**Extracted data entries:**

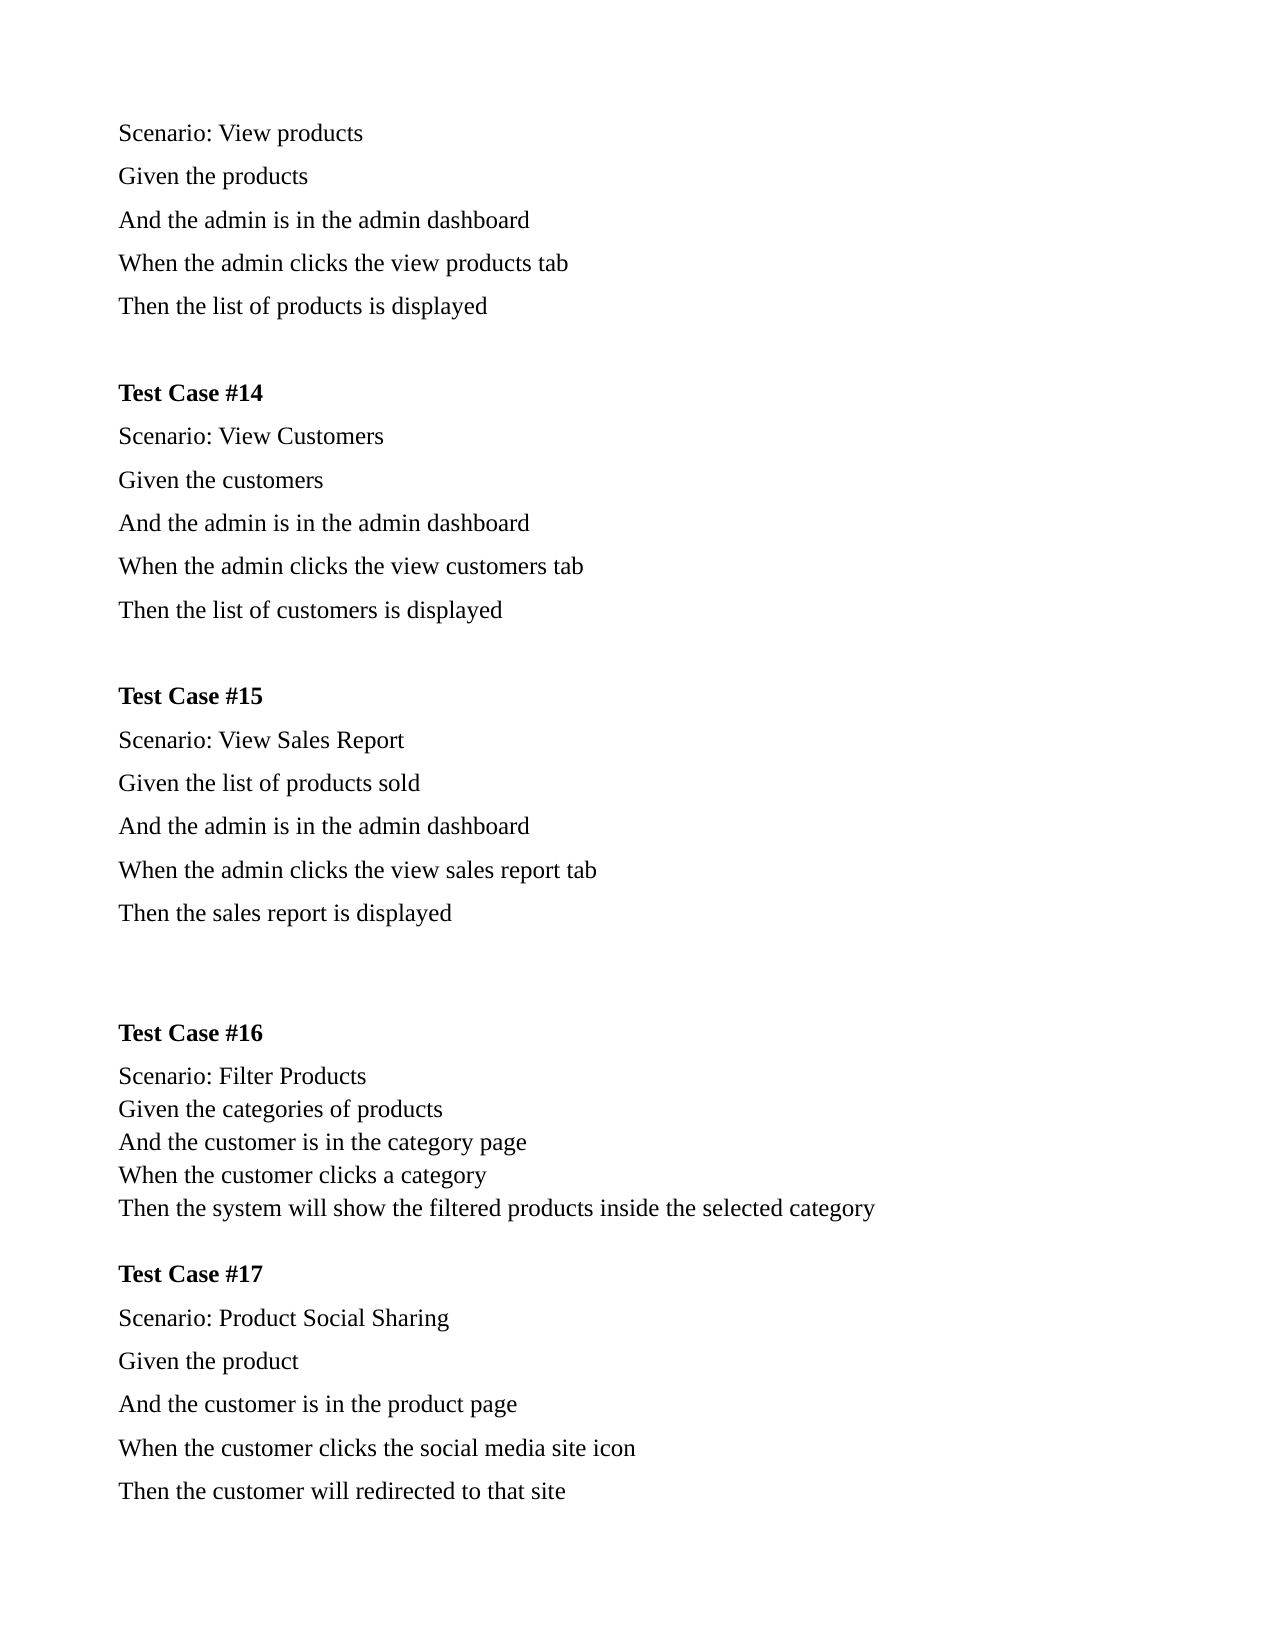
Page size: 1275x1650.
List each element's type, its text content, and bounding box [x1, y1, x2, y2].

text Scenario: Filter Products [118, 1061, 1157, 1090]
text Then the system will show the filtered products inside the selected category [118, 1193, 1157, 1222]
text Given the products [118, 161, 1157, 190]
text And the admin is in the admin dashboard [118, 205, 1157, 233]
text Then the list of customers is displayed [118, 595, 1157, 623]
text When the customer clicks the social media site icon [118, 1433, 1157, 1461]
text Scenario: View products [118, 118, 1157, 147]
text Given the categories of products [118, 1094, 1157, 1123]
text Then the customer will redirected to that site [118, 1476, 1157, 1505]
text Then the list of products is displayed [118, 291, 1157, 320]
text Test Case #16 [118, 1018, 1157, 1047]
text Given the product [118, 1346, 1157, 1375]
text And the customer is in the product page [118, 1389, 1157, 1418]
text Test Case #15 [118, 681, 1157, 710]
text When the admin clicks the view sales report tab [118, 855, 1157, 883]
text And the admin is in the admin dashboard [118, 811, 1157, 840]
text Test Case #17 [118, 1259, 1157, 1288]
text When the admin clicks the view customers tab [118, 551, 1157, 580]
text Scenario: View Sales Report [118, 725, 1157, 753]
text Scenario: View Customers [118, 421, 1157, 450]
text When the admin clicks the view products tab [118, 248, 1157, 277]
text And the admin is in the admin dashboard [118, 508, 1157, 537]
text When the customer clicks a category [118, 1160, 1157, 1189]
text Given the list of products sold [118, 768, 1157, 797]
text Then the sales report is displayed [118, 898, 1157, 927]
text Scenario: Product Social Sharing [118, 1303, 1157, 1331]
text Test Case #14 [118, 378, 1157, 407]
text Given the customers [118, 465, 1157, 493]
text And the customer is in the category page [118, 1127, 1157, 1156]

**WHAT NEEDS TO BE DONE:**
Give back exactly the lines above, from the line containing "text Given the categories" through the line containing "text Then the sales", with both end lines and nothing more.

**TASK SOLUTION:**
text Given the categories of products [118, 1094, 1157, 1123]
text Then the customer will redirected to that site [118, 1476, 1157, 1505]
text Then the list of products is displayed [118, 291, 1157, 320]
text Test Case #16 [118, 1018, 1157, 1047]
text Given the product [118, 1346, 1157, 1375]
text And the customer is in the product page [118, 1389, 1157, 1418]
text Test Case #15 [118, 681, 1157, 710]
text When the admin clicks the view sales report tab [118, 855, 1157, 883]
text And the admin is in the admin dashboard [118, 811, 1157, 840]
text Test Case #17 [118, 1259, 1157, 1288]
text When the admin clicks the view customers tab [118, 551, 1157, 580]
text Scenario: View Sales Report [118, 725, 1157, 753]
text Scenario: View Customers [118, 421, 1157, 450]
text When the admin clicks the view products tab [118, 248, 1157, 277]
text And the admin is in the admin dashboard [118, 508, 1157, 537]
text When the customer clicks a category [118, 1160, 1157, 1189]
text Given the list of products sold [118, 768, 1157, 797]
text Then the sales report is displayed [118, 898, 1157, 927]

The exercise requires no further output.